Dataset excerpts:
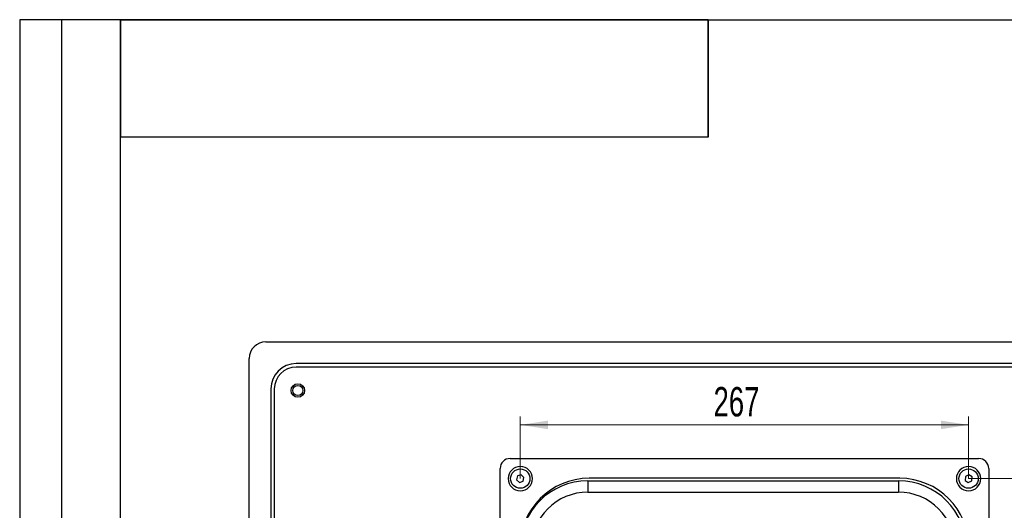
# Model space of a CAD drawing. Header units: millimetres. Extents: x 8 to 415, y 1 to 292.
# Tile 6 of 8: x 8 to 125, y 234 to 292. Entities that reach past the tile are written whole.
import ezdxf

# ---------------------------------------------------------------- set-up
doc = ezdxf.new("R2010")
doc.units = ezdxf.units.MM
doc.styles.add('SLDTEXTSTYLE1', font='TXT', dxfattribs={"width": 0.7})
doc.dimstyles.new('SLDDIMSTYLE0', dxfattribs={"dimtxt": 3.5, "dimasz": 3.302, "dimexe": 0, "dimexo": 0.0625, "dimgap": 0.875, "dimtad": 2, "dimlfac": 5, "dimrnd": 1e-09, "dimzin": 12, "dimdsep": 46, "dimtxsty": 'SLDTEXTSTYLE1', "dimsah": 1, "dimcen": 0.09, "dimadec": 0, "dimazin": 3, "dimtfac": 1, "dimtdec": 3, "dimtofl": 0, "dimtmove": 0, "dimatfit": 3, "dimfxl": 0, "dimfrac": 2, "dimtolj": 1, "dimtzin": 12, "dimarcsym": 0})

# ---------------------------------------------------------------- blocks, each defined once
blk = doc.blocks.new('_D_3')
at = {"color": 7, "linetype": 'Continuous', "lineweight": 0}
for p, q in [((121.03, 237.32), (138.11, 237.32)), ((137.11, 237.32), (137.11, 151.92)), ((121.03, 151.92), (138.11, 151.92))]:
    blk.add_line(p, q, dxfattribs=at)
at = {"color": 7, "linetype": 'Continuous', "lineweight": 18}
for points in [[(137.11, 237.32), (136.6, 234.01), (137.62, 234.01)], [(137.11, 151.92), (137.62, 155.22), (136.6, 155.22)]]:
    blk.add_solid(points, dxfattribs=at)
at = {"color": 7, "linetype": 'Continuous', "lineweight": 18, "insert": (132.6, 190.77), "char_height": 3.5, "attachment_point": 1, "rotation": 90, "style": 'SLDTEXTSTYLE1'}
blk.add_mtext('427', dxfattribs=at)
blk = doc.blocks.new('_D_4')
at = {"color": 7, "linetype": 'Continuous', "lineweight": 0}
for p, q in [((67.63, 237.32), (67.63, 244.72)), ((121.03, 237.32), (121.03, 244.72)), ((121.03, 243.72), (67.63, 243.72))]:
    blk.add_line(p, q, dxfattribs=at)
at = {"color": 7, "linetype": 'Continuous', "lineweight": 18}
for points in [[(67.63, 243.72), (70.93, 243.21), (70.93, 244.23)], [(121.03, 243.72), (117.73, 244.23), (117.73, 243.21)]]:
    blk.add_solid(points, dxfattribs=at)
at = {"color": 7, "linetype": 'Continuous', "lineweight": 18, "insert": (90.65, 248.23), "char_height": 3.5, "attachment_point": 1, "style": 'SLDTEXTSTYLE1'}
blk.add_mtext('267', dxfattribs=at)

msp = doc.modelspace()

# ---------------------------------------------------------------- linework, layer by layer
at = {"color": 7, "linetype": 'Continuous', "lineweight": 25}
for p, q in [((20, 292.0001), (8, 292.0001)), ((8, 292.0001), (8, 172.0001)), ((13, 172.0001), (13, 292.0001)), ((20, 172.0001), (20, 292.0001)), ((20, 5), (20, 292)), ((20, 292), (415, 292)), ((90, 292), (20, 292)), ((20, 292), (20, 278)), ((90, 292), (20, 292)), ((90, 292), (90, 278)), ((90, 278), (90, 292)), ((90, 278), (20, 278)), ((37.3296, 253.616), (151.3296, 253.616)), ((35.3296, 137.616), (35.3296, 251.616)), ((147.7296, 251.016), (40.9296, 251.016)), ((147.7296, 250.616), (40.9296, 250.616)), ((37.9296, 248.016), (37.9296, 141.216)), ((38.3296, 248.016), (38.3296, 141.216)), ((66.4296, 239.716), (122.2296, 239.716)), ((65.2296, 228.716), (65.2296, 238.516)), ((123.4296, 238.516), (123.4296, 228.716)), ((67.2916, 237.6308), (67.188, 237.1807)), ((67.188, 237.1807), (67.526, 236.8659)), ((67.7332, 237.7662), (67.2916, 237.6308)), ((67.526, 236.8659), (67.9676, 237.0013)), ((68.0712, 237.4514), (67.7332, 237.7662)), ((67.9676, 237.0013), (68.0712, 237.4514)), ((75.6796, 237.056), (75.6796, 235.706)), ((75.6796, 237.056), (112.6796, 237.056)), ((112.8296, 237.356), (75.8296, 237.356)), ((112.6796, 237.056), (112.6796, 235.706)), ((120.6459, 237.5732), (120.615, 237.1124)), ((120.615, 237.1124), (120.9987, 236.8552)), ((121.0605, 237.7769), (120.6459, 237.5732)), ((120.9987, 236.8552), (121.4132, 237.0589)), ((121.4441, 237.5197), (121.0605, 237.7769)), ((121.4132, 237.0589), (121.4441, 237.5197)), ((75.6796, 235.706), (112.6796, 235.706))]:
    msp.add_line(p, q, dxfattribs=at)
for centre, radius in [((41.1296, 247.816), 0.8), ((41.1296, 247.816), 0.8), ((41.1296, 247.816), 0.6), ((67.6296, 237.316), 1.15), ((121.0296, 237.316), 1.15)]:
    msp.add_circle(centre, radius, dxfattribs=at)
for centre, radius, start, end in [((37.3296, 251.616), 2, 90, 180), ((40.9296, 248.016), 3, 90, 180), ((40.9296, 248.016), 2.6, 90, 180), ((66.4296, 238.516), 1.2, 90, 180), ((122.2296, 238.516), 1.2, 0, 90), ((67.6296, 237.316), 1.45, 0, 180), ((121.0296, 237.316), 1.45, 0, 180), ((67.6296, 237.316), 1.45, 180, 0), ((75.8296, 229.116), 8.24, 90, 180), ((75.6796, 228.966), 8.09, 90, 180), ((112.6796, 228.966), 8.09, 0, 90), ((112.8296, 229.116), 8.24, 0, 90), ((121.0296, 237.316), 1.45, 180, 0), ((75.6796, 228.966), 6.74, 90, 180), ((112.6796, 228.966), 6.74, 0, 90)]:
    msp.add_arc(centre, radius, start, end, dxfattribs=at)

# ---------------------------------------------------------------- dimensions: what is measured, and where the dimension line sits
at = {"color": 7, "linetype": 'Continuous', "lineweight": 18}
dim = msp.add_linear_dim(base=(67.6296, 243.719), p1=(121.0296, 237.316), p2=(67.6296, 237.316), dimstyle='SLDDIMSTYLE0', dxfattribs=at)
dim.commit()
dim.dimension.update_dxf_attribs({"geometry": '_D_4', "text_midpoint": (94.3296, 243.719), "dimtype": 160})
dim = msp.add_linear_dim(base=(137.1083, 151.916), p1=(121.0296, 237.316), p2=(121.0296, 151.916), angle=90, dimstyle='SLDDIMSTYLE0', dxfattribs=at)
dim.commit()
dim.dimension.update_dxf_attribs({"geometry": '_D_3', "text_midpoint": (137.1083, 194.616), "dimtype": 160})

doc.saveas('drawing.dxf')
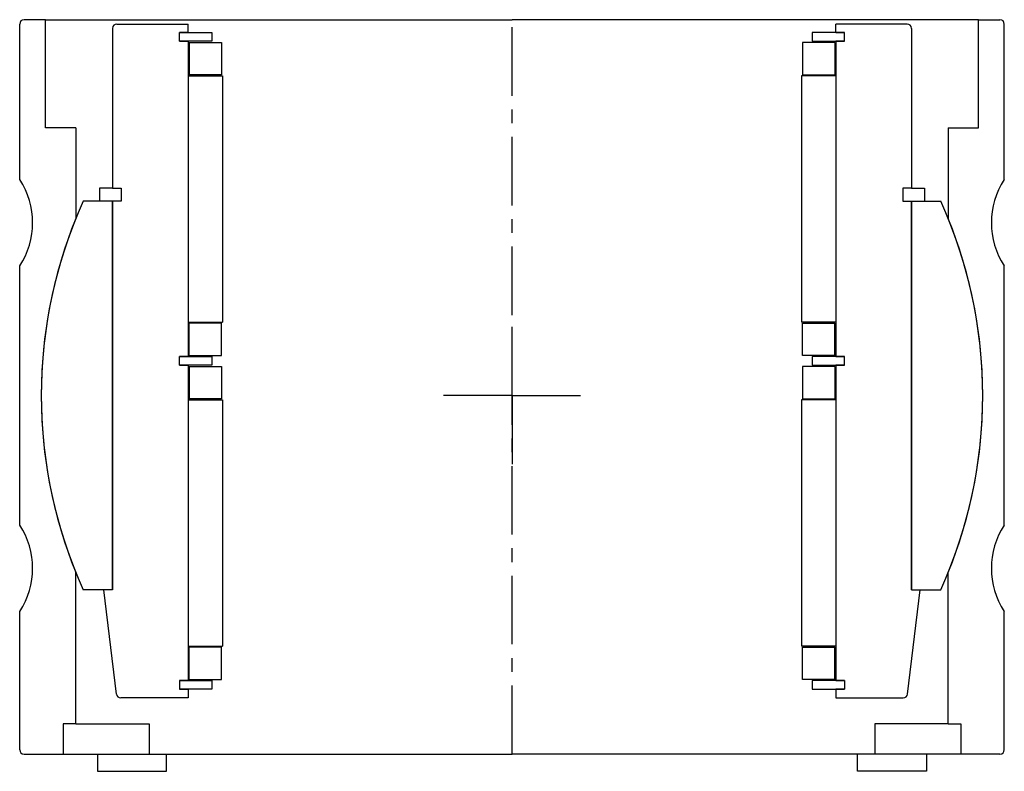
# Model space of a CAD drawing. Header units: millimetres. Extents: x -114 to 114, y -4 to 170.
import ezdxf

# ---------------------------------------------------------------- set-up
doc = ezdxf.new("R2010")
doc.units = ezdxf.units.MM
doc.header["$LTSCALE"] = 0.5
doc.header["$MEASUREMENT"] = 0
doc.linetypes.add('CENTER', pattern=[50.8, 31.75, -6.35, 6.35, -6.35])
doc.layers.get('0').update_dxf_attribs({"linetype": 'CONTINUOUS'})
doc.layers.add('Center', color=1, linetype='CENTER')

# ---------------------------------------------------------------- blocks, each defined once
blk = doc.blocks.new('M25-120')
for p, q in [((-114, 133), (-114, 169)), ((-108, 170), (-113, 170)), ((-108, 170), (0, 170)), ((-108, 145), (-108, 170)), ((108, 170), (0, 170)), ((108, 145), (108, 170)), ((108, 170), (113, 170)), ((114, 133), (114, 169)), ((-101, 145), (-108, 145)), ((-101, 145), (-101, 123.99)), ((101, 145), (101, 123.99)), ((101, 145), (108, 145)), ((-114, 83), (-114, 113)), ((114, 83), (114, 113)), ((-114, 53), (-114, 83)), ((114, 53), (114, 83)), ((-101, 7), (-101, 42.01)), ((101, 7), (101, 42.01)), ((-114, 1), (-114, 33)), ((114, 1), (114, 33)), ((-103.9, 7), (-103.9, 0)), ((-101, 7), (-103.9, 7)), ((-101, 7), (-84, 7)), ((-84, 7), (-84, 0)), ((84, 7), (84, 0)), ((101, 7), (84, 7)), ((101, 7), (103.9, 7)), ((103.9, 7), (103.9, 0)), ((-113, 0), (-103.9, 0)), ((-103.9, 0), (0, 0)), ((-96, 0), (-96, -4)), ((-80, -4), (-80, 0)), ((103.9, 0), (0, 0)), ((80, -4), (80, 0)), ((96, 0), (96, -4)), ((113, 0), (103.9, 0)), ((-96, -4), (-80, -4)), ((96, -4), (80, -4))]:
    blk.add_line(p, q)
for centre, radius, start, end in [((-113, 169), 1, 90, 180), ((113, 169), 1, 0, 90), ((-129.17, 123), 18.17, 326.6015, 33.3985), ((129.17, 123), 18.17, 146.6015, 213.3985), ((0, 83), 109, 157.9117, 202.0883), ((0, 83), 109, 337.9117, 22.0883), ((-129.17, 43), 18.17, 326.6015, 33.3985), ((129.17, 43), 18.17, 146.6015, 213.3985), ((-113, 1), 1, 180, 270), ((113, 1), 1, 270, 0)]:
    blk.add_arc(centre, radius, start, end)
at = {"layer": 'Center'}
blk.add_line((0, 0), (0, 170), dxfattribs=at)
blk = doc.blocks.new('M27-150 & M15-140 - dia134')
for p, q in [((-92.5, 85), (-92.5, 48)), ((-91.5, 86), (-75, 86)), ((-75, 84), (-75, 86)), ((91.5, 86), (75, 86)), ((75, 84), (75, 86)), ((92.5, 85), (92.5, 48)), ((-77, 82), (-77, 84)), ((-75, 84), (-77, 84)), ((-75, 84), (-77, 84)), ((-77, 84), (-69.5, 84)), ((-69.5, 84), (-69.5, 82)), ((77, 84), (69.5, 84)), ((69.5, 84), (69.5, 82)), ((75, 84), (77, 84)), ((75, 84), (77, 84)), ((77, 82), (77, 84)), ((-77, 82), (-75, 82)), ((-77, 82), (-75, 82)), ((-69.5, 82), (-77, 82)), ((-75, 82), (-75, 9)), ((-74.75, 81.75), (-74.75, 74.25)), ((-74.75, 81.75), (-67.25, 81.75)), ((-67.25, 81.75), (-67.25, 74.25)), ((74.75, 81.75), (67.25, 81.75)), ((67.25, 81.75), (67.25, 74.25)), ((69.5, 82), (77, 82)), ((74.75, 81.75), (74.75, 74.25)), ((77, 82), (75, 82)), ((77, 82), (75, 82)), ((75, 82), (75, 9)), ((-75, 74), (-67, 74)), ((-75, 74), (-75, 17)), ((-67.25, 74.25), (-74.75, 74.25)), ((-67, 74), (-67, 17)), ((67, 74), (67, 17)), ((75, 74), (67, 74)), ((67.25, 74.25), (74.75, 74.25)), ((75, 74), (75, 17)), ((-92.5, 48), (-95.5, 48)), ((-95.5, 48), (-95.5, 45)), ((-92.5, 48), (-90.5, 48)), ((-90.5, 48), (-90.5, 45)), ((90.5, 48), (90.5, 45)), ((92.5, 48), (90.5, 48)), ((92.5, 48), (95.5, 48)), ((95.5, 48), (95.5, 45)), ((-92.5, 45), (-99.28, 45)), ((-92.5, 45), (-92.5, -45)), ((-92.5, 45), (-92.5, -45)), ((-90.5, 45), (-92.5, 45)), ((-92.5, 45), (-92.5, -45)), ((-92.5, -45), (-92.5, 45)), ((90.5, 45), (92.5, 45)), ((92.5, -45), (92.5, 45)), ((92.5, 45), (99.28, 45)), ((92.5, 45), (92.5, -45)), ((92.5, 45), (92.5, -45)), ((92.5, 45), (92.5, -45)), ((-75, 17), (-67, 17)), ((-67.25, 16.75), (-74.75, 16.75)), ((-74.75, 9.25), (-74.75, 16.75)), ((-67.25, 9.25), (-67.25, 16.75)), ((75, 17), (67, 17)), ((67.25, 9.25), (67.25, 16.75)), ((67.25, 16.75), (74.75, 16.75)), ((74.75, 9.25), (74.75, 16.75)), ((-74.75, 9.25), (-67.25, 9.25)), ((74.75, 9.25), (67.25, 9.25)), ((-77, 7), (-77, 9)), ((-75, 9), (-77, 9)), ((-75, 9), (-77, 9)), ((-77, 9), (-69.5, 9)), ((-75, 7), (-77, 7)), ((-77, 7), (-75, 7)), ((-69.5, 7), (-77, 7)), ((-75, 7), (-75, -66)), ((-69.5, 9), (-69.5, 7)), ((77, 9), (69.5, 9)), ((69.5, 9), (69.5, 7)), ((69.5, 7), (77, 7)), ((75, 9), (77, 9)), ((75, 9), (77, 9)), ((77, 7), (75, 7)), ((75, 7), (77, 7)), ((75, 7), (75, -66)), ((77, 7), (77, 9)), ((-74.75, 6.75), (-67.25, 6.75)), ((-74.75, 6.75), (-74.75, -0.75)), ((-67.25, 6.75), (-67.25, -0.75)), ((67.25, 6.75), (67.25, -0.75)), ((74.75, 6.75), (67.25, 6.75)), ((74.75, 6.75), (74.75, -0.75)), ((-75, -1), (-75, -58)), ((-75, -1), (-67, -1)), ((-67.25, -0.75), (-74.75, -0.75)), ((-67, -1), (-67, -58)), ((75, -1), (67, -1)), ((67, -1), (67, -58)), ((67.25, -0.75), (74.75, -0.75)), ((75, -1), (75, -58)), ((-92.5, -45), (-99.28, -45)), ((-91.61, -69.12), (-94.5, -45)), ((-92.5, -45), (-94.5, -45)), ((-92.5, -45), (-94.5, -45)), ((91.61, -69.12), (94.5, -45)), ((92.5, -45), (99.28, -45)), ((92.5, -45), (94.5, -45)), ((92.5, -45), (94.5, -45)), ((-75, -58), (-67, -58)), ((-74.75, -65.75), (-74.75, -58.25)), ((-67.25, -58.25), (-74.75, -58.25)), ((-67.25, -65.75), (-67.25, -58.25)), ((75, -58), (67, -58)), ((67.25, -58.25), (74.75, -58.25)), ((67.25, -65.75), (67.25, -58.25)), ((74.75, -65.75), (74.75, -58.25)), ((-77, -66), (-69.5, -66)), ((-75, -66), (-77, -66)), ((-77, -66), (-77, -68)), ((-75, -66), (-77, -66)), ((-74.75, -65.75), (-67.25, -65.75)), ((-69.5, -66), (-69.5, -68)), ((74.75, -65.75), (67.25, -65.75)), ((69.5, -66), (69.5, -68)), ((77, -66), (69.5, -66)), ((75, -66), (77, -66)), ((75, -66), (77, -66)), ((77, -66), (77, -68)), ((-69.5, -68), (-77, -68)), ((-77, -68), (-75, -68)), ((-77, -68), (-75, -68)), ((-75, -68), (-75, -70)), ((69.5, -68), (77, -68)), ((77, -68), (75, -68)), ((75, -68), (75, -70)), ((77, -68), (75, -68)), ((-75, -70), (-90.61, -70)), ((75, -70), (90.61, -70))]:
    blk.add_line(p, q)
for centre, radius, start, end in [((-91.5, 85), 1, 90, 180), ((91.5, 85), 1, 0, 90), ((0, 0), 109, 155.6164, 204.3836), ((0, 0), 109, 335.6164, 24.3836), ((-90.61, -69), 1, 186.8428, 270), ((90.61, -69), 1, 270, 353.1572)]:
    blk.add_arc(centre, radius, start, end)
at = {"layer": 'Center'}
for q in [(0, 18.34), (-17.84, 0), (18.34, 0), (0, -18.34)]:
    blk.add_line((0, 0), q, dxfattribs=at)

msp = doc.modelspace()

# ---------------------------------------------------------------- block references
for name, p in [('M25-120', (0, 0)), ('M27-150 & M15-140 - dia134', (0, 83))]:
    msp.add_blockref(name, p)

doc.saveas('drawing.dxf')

YOUR INSTRUCTIONS:
Whenever a line in the data above contains the word "drawing", include it in the tally, and report only the final number.

RESULT BELOW:
4